The security of deployed and actively used systems is a moving target, influenced by factors that are not captured in the existing security models and metrics. For example, estimating the number of vulnerabilities in source code does not account for the fact that cyber attackers never exploit some of the discovered vulnerabilities, in the presence of reduced attack surfaces and technologies that render exploits less likely to succeed. Conversely, old vulnerabilities continue to impact security in the wild because some users do not deploy the corresponding software patches. As such, we currently do not know how to assess the security of systems in active use. In this project, we will conduct empirical studies of security in the real world, seeking to understand the deployment-specific factors and the user behaviors that influence the security of systems in active use. We will employ a variety of data sources, including public vulnerability databases, malware analysis platforms and Symantec’s Worldwide Intelligence Network Environment (WINE), which includes field data collected on 10+ million real hosts targeted by cyber attacks (rather than honeypots or small-scale lab settings).
Tudor Dumitras is an Assistant Professor in the Electrical & Computer Engineering Department at the University of Maryland, College Park. His research focuses on Big Data approaches to problems in system security and dependability. In his previous role at Symantec Research Labs he built the Worldwide Intelligence Network Environment (WINE) - a platform for experimenting with Big Data techniques. He received an Honorable Mention in the NSA competition for the Best Scientific Cybersecurity Paper of 2012. He also received the 2011 A. G. Jordan Award from the ECE Department at Carnegie Mellon University, the 2009 John Vlissides Award from ACM SIGPLAN, and the Best Paper Award at ASP-DAC'03. Tudor holds a Ph.D. degree from Carnegie Mellon University.
Over the past decade, language-based security mechanisms—such as type systems, model checkers, symbolic executors, and other program analyses—have been successfully used to uncover or prevent many important (exploitable) software vulnerabilities, such as buffer overruns, side channels, unchecked inputs (leading to code injection), and race conditions, among others. But despite significant advances, current work makes two unrealistic assumptions: (1) the analyzed code comprises a complete program (as opposed to a framework or set of components), and (2) the software is written in a single programming language. These assumptions ignore the reality of modern software, which is composed of large sets of interacting components constructed in several programming languages that provide varying degrees of assurance that the components are well-behaved. In this project, we aim to address these limitations by developing new static-analysis techniques based on software contracts, which provide a way to extend the analysis of components to reason about security of an entire heterogeneous system.

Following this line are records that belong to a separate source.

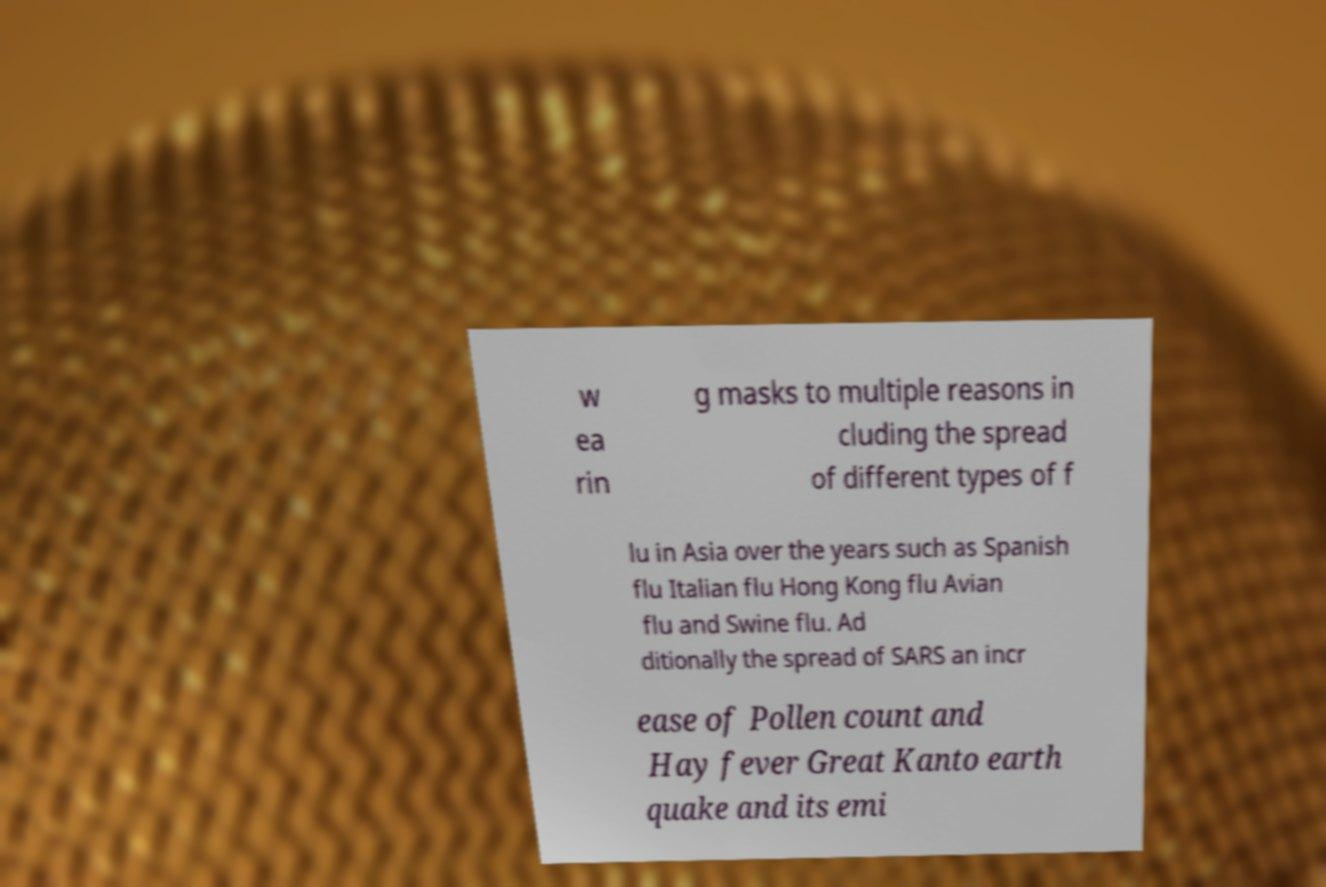Please identify and transcribe the text found in this image. w ea rin g masks to multiple reasons in cluding the spread of different types of f lu in Asia over the years such as Spanish flu Italian flu Hong Kong flu Avian flu and Swine flu. Ad ditionally the spread of SARS an incr ease of Pollen count and Hay fever Great Kanto earth quake and its emi 
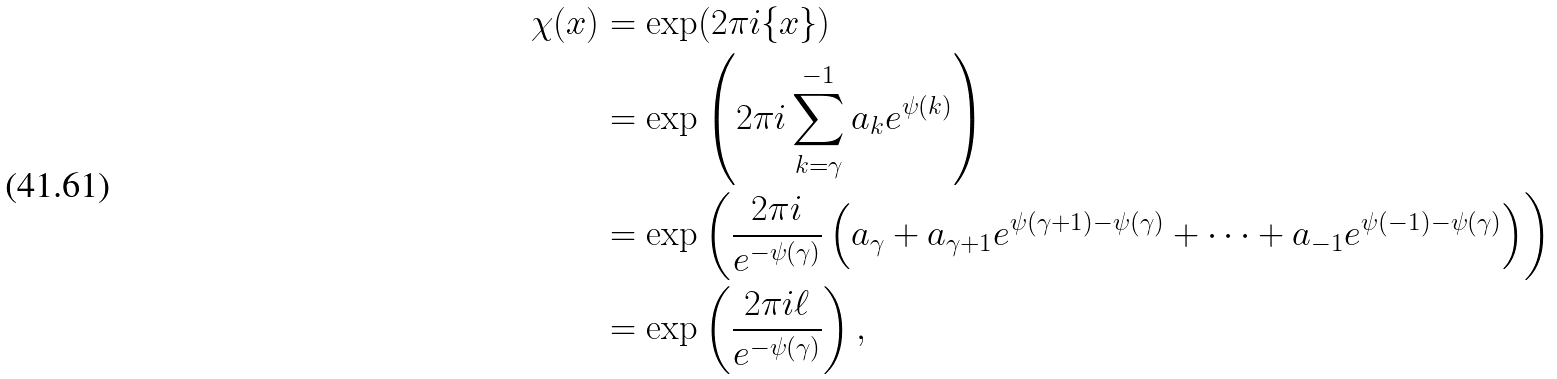<formula> <loc_0><loc_0><loc_500><loc_500>\chi ( x ) & = \exp ( 2 \pi i \{ x \} ) \\ & = \exp \left ( 2 \pi i \sum _ { k = \gamma } ^ { - 1 } a _ { k } e ^ { \psi ( k ) } \right ) \\ & = \exp \left ( \frac { 2 \pi i } { e ^ { - \psi ( \gamma ) } } \left ( a _ { \gamma } + a _ { \gamma + 1 } e ^ { \psi ( \gamma + 1 ) - \psi ( \gamma ) } + \cdots + a _ { - 1 } e ^ { \psi ( - 1 ) - \psi ( \gamma ) } \right ) \right ) \\ & = \exp \left ( \frac { 2 \pi i \ell } { e ^ { - \psi ( \gamma ) } } \right ) ,</formula> 
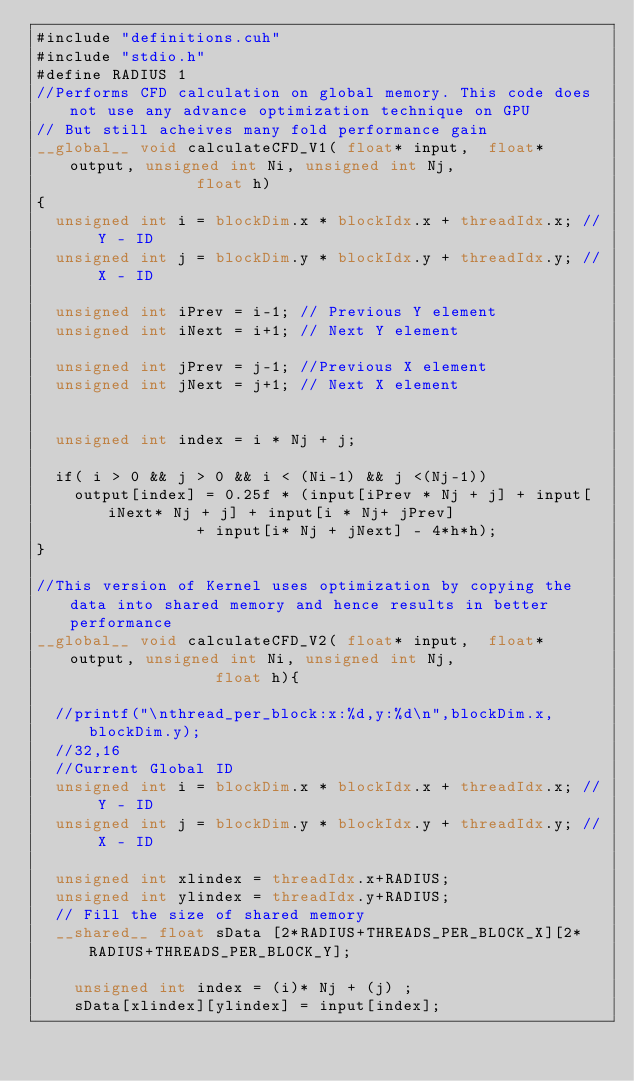<code> <loc_0><loc_0><loc_500><loc_500><_Cuda_>#include "definitions.cuh"
#include "stdio.h"
#define RADIUS 1
//Performs CFD calculation on global memory. This code does not use any advance optimization technique on GPU
// But still acheives many fold performance gain
__global__ void calculateCFD_V1( float* input,  float* output, unsigned int Ni, unsigned int Nj,
								 float h)
{
	unsigned int i = blockDim.x * blockIdx.x + threadIdx.x; // Y - ID
	unsigned int j = blockDim.y * blockIdx.y + threadIdx.y; // X - ID

	unsigned int iPrev = i-1; // Previous Y element
	unsigned int iNext = i+1; // Next Y element

	unsigned int jPrev = j-1; //Previous X element
	unsigned int jNext = j+1; // Next X element


	unsigned int index = i * Nj + j;

	if( i > 0 && j > 0 && i < (Ni-1) && j <(Nj-1))
		output[index] = 0.25f * (input[iPrev * Nj + j] + input[iNext* Nj + j] + input[i * Nj+ jPrev]
								 + input[i* Nj + jNext] - 4*h*h);
}

//This version of Kernel uses optimization by copying the data into shared memory and hence results in better performance
__global__ void calculateCFD_V2( float* input,  float* output, unsigned int Ni, unsigned int Nj, 
								   float h){

	//printf("\nthread_per_block:x:%d,y:%d\n",blockDim.x,blockDim.y);
	//32,16
	//Current Global ID
	unsigned int i = blockDim.x * blockIdx.x + threadIdx.x; // Y - ID
	unsigned int j = blockDim.y * blockIdx.y + threadIdx.y; // X - ID

	unsigned int xlindex = threadIdx.x+RADIUS;
	unsigned int ylindex = threadIdx.y+RADIUS;
	// Fill the size of shared memory
	__shared__ float sData [2*RADIUS+THREADS_PER_BLOCK_X][2*RADIUS+THREADS_PER_BLOCK_Y];

    unsigned int index = (i)* Nj + (j) ;
    sData[xlindex][ylindex] = input[index];
</code>

Hyperproperties [Clarkson and Schneider 2010] can express security policies, such as secure information flow and service level agreements, which the standard kinds of trace properties used in program verification cannot.
Our objective is to develop verification methodologies for hyperproperties.
We intend to apply those methodologies to the construction of secure systems from components with known security properties, thereby addressing the problem of compositional security.